Jorge Pérez de Heredia
Titulando el artículo con esa
disyunción, en apariencia redundante, no busco sino profundizar en polémicas terminológicas, lo que puede
juzgarse vano por muchos,
incluso innecesariamente diviso-rio.
No obstante, y dado que para este 1º de mayo también
nos ha sido expropiada la vía pública, es dudoso
que pueda caber ningún mal en sustituir lo laudatorio
y combativo, por unos minutos de pensamiento autocrítico.

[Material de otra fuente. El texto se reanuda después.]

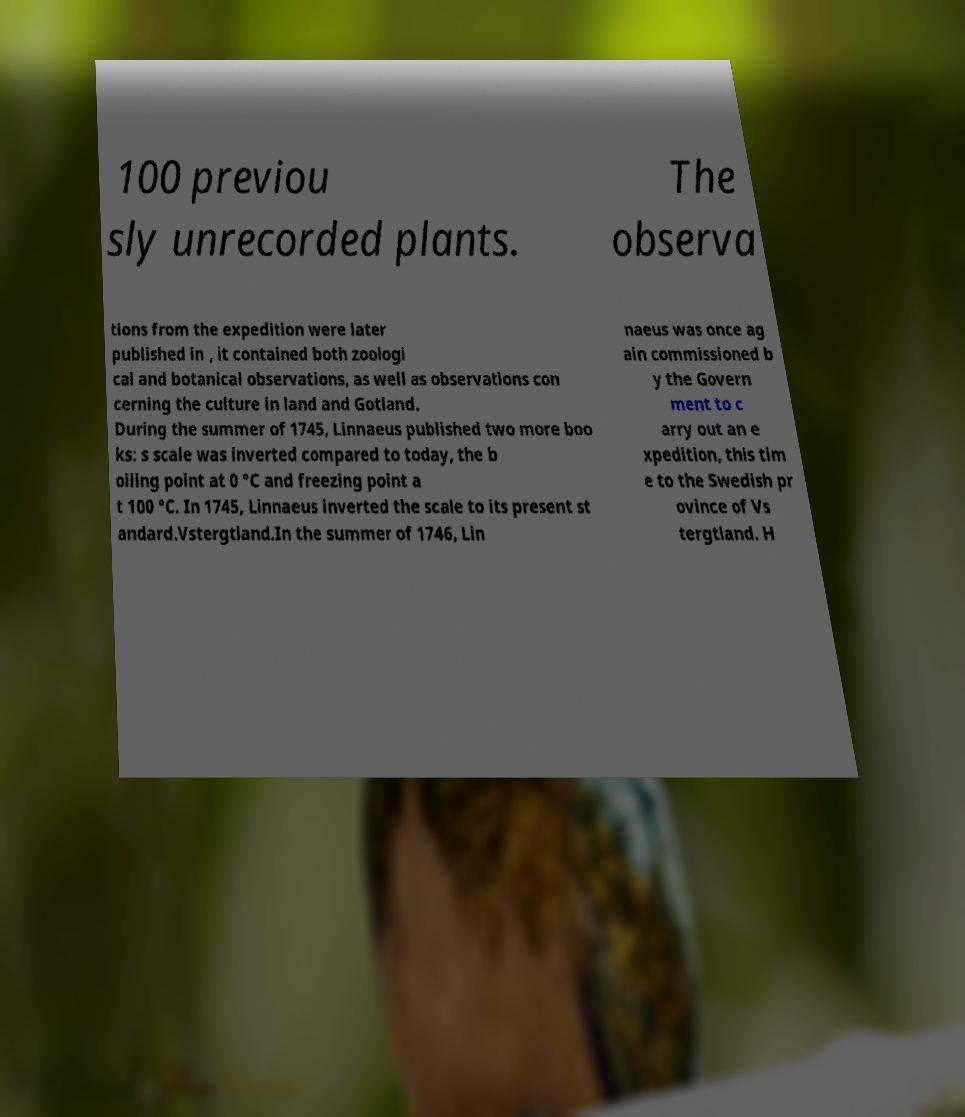I need the written content from this picture converted into text. Can you do that? 100 previou sly unrecorded plants. The observa tions from the expedition were later published in , it contained both zoologi cal and botanical observations, as well as observations con cerning the culture in land and Gotland. During the summer of 1745, Linnaeus published two more boo ks: s scale was inverted compared to today, the b oiling point at 0 °C and freezing point a t 100 °C. In 1745, Linnaeus inverted the scale to its present st andard.Vstergtland.In the summer of 1746, Lin naeus was once ag ain commissioned b y the Govern ment to c arry out an e xpedition, this tim e to the Swedish pr ovince of Vs tergtland. H

¿Puede el anarquismo hacer suyo
el concepto de “lucha de
clases”? Más allá de disquisiciones teóricas, es evidente que de facto
así ha sido: se ha reivindicado su necesidad, se ha postulado su carácter insalvable en la humana búsqueda de la
libertad. No obstante, ¿ha
podido esto llegar a ser algo más que un
empleo puramente retórico? ¿Permite el sentido significado
por ese término ser puesto en armonía con
el resto del ideario anarquista? Inusual cuestionamiento. Sin embargo, hay que
reconocer que merece ser tenido en cuenta ahora que, incluso aquellos que más
han usado y abusado de dicho concepto, los marxistas, comienzan a revisionar el
término.
¿Qué significa, por tanto, “lucha
de clases”? Dejemos a un lado, de momento, el término más cristalino, y
preguntémonos: lucha, ¿de qué clases? ¿Qué
es una clase? La respuesta ingenua es: grupo social
producto de una división estructural en la sociedad, enfrentado al grupo que
constituye el otro lado de la divisoria.
Así que no hay clase, sino clases, lo que no necesariamente quiere decir sólo dos clases. Esta es una de las virtudes de dicha
definición, la cual flaquea por lo demás: ni la clase es un grupo (pues un agrupamiento es una
sumatoria de individuos y la
clase nace de condiciones que, por definición,
trascienden la individualidad), ni está de suyo
enfrentada al resto de clases que se le oponen, lo
que no quiere decir que no posea cierta potencialidad en este sentido. Sólo
hace falta mirar en derredor para percatarnos de que la paz social y el servilismo agradecido son posibilidades
perfecta-mente factibles
dentro de una sociedad dividida.
En contraposición a esta idea de
clase, de corte demográfico y
completamente neutra políticamente, ya
que no realiza ningún juicio de valor sobre lo que
describe (habiendo sido así adoptada tanto por las
clases subalternas como por las privilegiadas), habría
que privilegiar otra, más dinámica y combativa. También más acorde con el
pensamiento de Marx, aunque
los autodenominados “marxistas” científicos
hayan preferido la definición ingenua para fundamentar toda su bárbara ordalía.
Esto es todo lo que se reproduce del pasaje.